None of the other four members of ActionStation’s staff have ever worked for a political party.

To be absolutely clear, I have never worked for or been a member of any political party. I have worked for Rudd Watts & Stone (now Minter Ellison), for the New Zealand Human Rights Commission, for the United Nations Department of Peacekeeping Operations, the UN Office of the High Commissioner for Human Rights, for Oxfam and even – back in my youth – for Fonterra.

There is a one sense in which none of this should matter – the content of the People’s Mental Health Report speaks for itself, and the 500 people who shared their stories deserve to have the minister for health deal with that content, not divert attention to me, as the author.

But there is another sense in which Coleman is right to ask, “Who wrote this?”

Because there is no such thing as objectivity. Of course my own experiences with PTSD, and in the mental health system, will have in some way shaped my reading of the stories submitted to the review. Even my previous work on issues in our mental health system, while at the New Zealand Human Rights Commission more than a decade ago, will inevitably have influenced my approach to this review.

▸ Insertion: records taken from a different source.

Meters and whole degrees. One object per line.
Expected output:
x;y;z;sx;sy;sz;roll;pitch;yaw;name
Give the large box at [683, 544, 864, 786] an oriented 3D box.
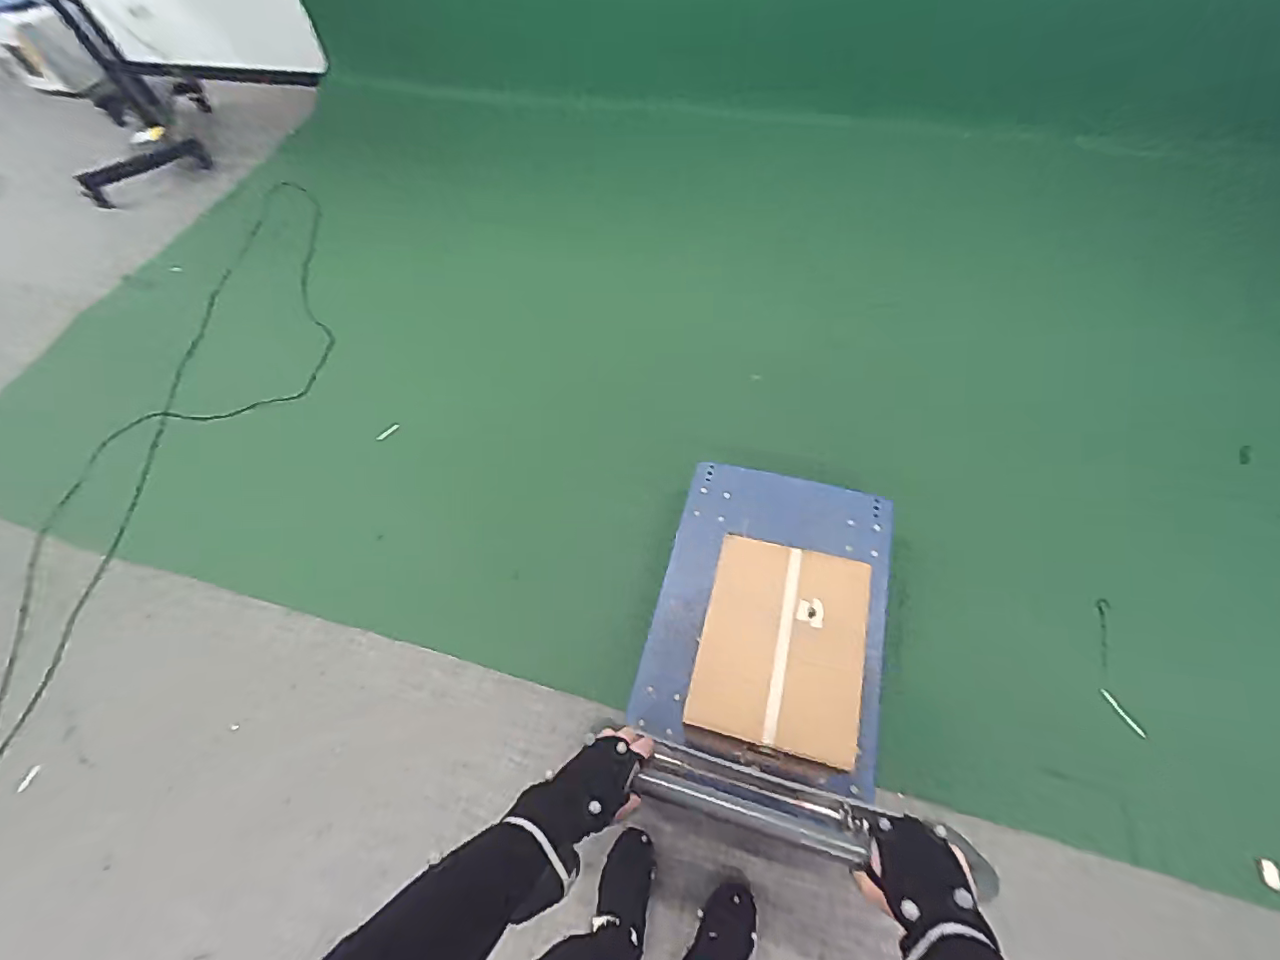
0.292;0.414;1.207;0.320;0.320;0.408;12;60;12;large box
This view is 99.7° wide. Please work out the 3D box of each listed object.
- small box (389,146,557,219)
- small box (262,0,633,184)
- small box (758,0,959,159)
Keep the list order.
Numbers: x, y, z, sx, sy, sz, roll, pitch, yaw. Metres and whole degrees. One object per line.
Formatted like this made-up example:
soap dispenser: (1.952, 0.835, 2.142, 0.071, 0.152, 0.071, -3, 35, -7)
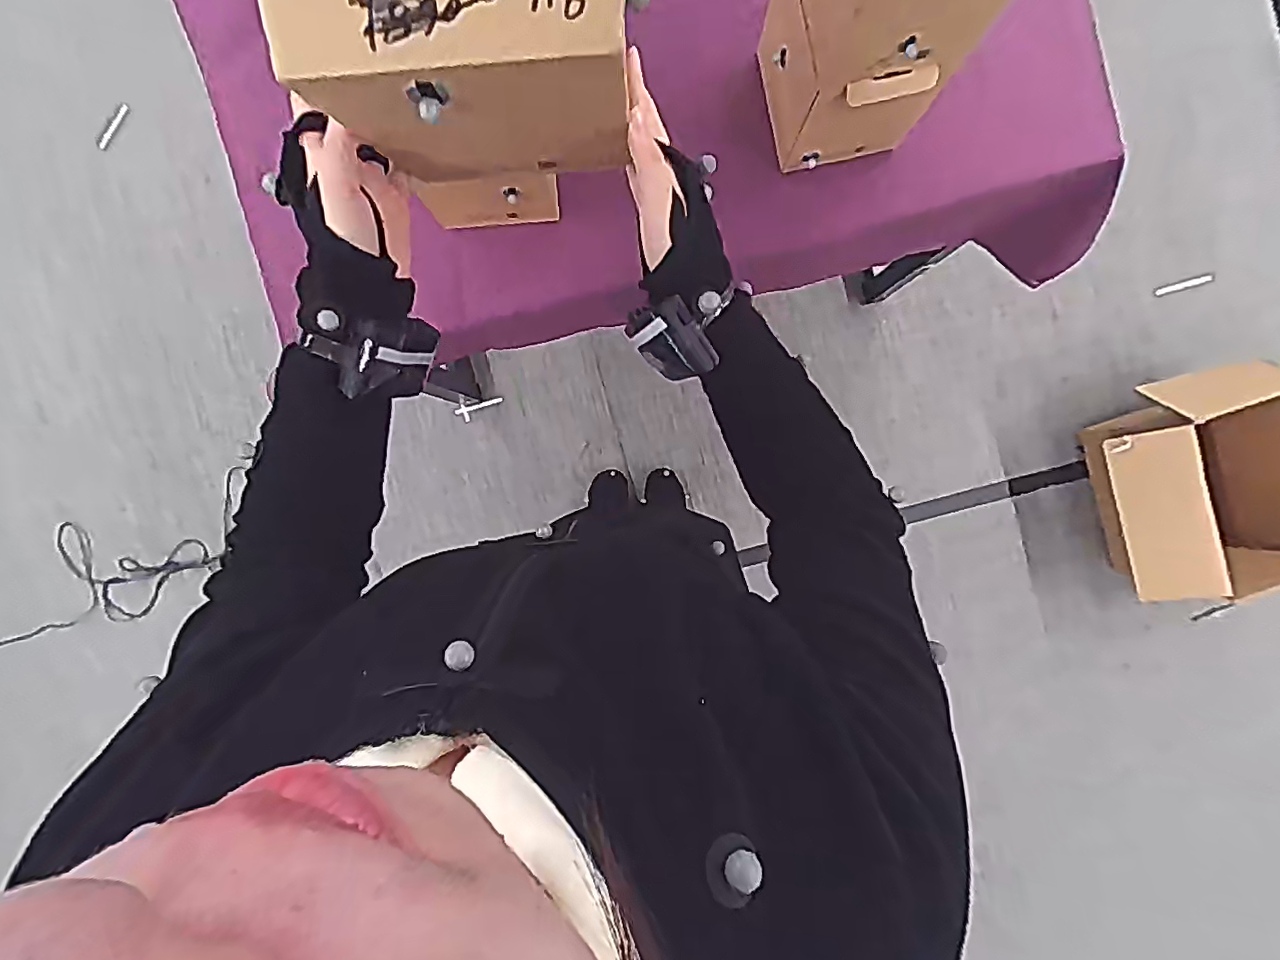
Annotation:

That’s why we contracted an independent researcher to audit my data analysis. A doctoral student at the Victoria University took the raw data and carried out his own independent analysis, first using a qualitative data analysis software package and then, because we expected criticism of our methodology, we asked him to repeat the audit again, manually.

What he found was the same as I had found – we identified the same major themes, the same proportion of stories mentioning each theme (although he included more stories in his definition of “suicide”; I had perhaps been too cautious in my application of that code) and the same overall findings. I don’t know if this researcher has ever worked for a political party, that wasn’t one of the questions we asked in the recruitment process. Our focus was on experience in social research methods, which he had.

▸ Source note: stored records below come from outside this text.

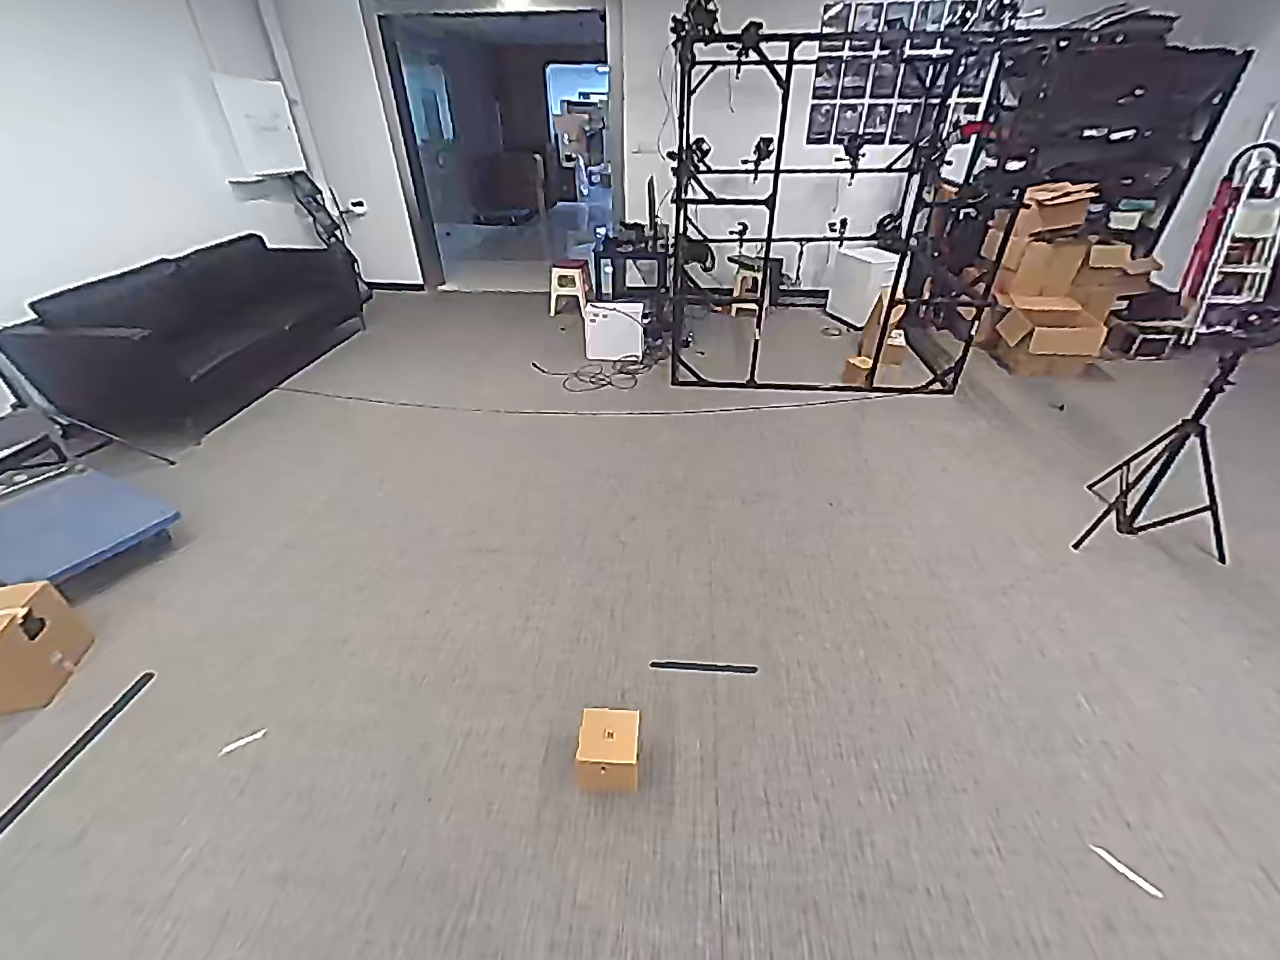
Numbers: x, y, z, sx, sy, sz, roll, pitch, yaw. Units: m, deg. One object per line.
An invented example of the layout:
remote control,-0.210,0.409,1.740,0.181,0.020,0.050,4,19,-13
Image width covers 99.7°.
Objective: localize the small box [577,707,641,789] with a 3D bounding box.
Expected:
small box,-0.088,0.818,1.648,0.179,0.176,0.168,1,35,4
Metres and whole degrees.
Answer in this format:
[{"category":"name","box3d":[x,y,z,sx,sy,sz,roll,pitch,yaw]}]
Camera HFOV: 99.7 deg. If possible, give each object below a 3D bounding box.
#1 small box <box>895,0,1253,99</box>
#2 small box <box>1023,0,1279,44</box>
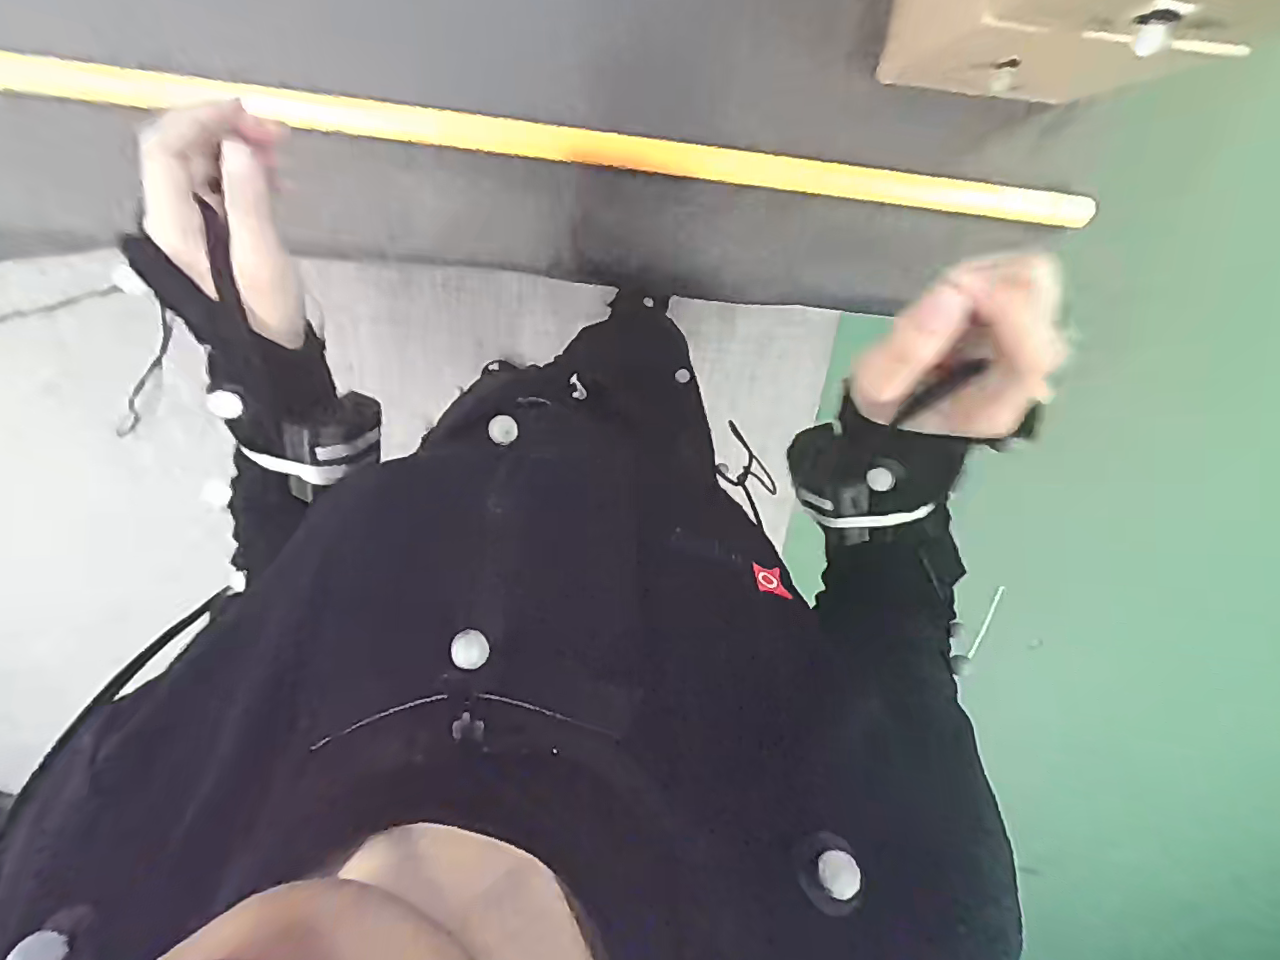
[{"category":"small box","box3d":[0.293,-0.372,0.353,0.168,0.176,0.179,6,115,0]},{"category":"small box","box3d":[0.293,-0.304,0.205,0.168,0.176,0.179,5,116,1]}]

As an ordinary citizen I don’t get to pose questions in the House. But I do have one question, and one request, for Jonathan Coleman.

The question: Do you sometimes go home at the end of a long hard day and have a wee cry about the lives reflected in this report, Minister? Or is that just us anti-government protesters? I don’t generally like to think of anyone having a weep, but it would be easier to relate to you if you confessed to shedding a tear in the face of human suffering, before getting on with the business of taking political pot shots.

And the request: Will you do your best to look past your distaste for the ActionStation community’s love for engaging actively in our democracy, and respond honestly to the stories in this report. Will you tell us what you’re going to do to make sure everyone in New Zealand who needs – and asks for – help from our mental health services can get the help they need?

Marianne Elliott is the author of the People’s Mental Health Report. She’s a co-director of ActionStation and a former human rights lawyer and was responsible for the 2004 Human Rights Commission report ‘Human Rights in New Zealand Today – Nga Tikanga O Te Motu’. She has never worked for the Green Party, although she did work with current Green Party MP Marama Davidson at the Human Rights Commission, so there is that.